◆ TASK TO COMPLETE:
Print only the lines from the one with "name: [x,y,z,sx,sy,sz,roll,pitch,yaw]" through the end of the data, exactly, and please omit pictures.

◆ DATASET EXCERPT:
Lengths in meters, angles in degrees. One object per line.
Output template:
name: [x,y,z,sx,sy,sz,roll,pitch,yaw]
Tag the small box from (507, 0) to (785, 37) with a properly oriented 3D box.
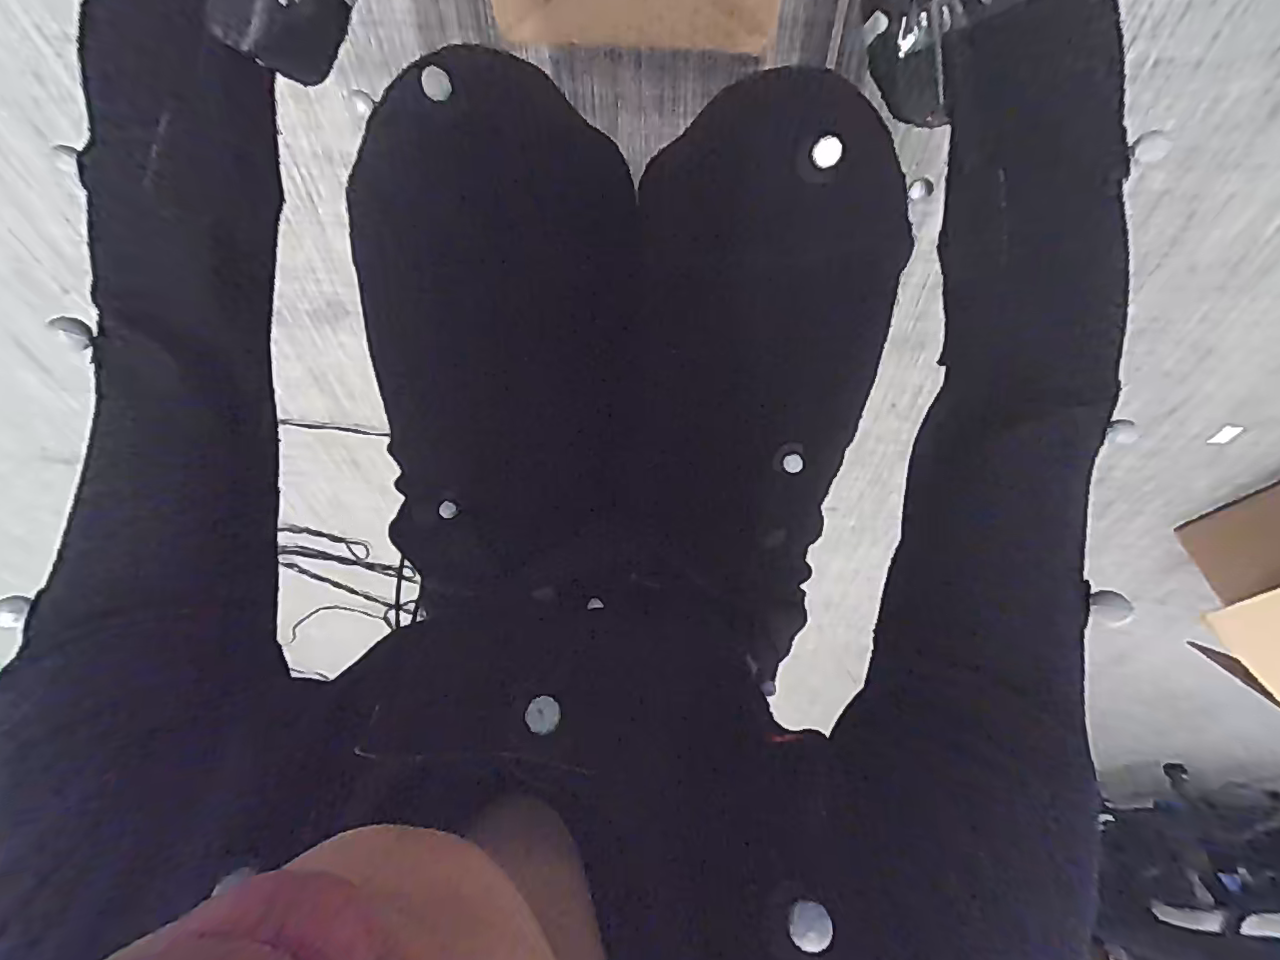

◆ RESULT OF THIS EXERCISE:
name: [x,y,z,sx,sy,sz,roll,pitch,yaw]
Tag the small box from (507, 0) to (785, 37) with a properly oriented 3D box.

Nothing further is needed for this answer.